- Directed by: Ed Skotch
- Presented by: Mary Hartline; Claude Kirchner;
- Music by: Bruce Chase

Production
- Producer: Phil Patton

Original release
- Network: ABC
- Release: 1949 – 1956

= Super Circus =

US television program

A 1954 episode of the show

Super Circus is an American television program that aired live on Sunday afternoons from 5 to 6pm Eastern Time from 1949 to 1956 on ABC. The show was produced in Chicago by WENR-TV, continuing through its call letter change to WBKB (today's WLS-TV) through 1955, and its production moved to New York City and WABC-TV for its final season. The award-winning show featured circus and clown acts performing in front of a studio audience. Mary Hartline and Claude Kirchner were the hosts (Jerry Colonna succeeded Kirchner as "Ringmaster" in the final New York season), and Bruce Chase conducted the band. Phil Patton was the producer, and Ed Skotch was the director. Sponsors for the show included Kellogg's, Mars, Canada Dry Ginger Ale, and Sweetheart Soap.

==History==
Hartline, known for her short skirts, white boots and long blonde hair, became one of television's first sex symbols, spawning merchandise such as dolls, clothes, and boots --- three dozen different Mary Hartline products.

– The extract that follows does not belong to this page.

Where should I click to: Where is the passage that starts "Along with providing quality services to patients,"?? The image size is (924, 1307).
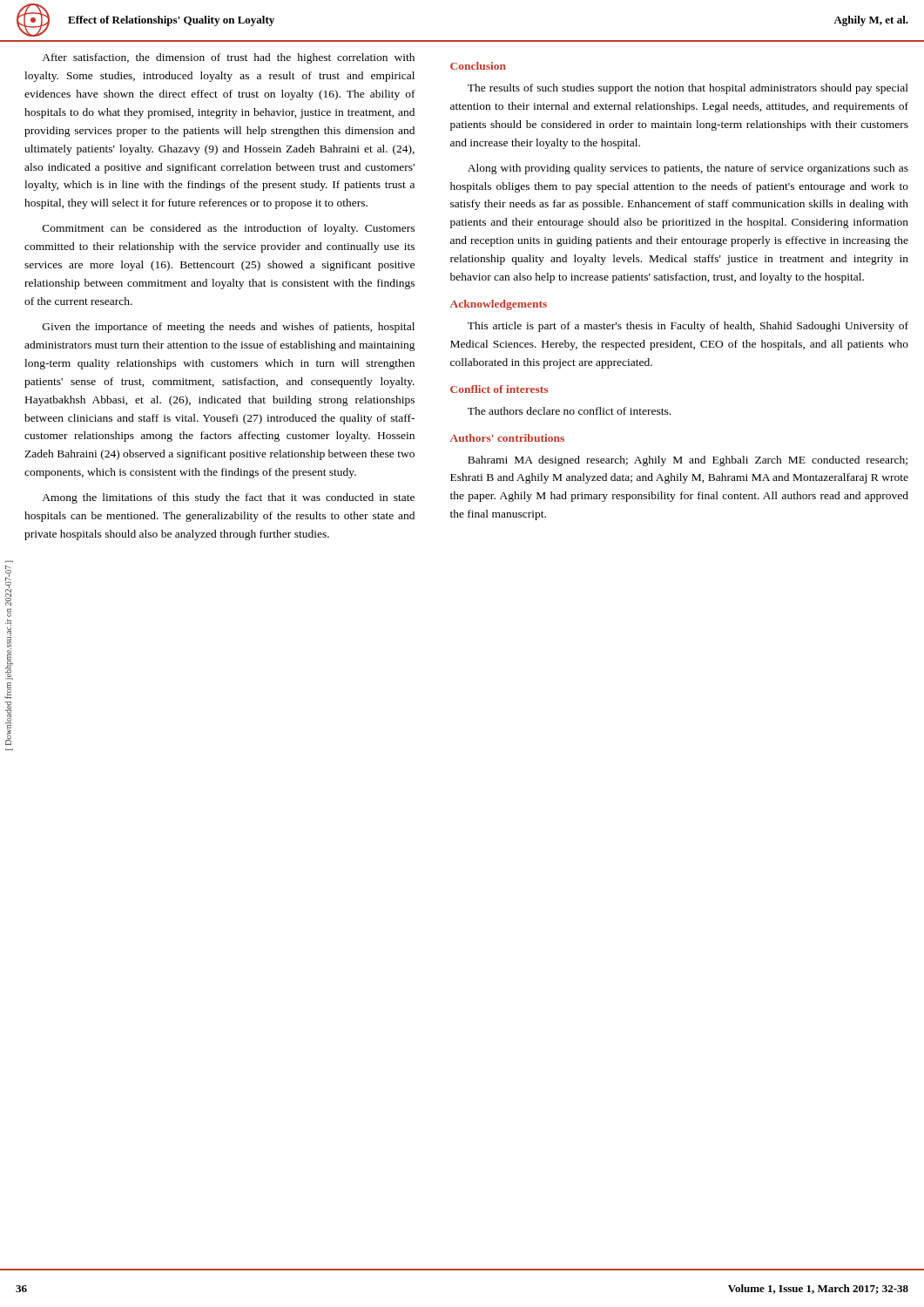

For at least the 1951 and 1952 seasons, each day Kirchner selected one child from the audience to stick his hand into a jar full of coins, attempting to pull out and keep as much money as possible. There were no dollar coins in the jar, but Kirchner always announced when he spotted a "fifty-cent piece" among the coins retrieved and the audience was prompted to cheer.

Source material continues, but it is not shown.